◆ What you need to do ◆
From the line that contains "translation: [x, y, z]" through the line that contains "What 3D box", output every line of the listing below exactly and leave out all the rest.

◆ Input material ◆

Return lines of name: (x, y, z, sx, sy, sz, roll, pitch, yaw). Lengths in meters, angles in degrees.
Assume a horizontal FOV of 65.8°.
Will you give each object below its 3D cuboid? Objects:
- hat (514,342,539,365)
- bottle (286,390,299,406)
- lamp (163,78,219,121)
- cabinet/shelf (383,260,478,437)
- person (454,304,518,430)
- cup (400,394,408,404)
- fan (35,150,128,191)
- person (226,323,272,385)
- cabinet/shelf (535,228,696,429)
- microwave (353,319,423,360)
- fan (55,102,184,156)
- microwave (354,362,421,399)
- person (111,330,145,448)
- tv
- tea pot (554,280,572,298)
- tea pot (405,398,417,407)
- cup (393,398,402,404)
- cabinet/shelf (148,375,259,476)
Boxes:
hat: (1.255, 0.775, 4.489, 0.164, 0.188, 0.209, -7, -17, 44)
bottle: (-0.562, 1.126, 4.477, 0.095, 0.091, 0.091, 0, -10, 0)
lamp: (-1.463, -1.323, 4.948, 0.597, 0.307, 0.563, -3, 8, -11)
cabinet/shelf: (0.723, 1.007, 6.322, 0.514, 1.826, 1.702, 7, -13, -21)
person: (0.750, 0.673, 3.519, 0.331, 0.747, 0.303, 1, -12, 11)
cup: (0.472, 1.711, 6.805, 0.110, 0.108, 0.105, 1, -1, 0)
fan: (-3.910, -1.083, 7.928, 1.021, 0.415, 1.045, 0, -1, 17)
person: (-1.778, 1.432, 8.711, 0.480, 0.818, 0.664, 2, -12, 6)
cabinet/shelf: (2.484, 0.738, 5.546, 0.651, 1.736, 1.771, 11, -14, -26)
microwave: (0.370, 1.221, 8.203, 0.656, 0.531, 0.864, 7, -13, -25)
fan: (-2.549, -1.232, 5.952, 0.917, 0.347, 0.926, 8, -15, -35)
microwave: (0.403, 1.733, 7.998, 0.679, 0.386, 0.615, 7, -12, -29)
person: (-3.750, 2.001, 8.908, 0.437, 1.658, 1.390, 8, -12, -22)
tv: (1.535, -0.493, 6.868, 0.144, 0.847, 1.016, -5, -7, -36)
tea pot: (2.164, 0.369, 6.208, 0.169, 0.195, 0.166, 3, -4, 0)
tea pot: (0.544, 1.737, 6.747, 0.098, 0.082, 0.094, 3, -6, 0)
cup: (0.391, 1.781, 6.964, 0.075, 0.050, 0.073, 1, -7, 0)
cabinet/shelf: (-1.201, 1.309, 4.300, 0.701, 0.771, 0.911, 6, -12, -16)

--

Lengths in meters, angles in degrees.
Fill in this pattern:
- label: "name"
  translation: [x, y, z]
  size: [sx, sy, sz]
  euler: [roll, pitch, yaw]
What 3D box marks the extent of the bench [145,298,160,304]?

◆ Response to the task ◆
  translation: [x, y, z]
  size: [sx, sy, sz]
  euler: [roll, pitch, yaw]
What 3D box marks the extent of the bench [145,298,160,304]?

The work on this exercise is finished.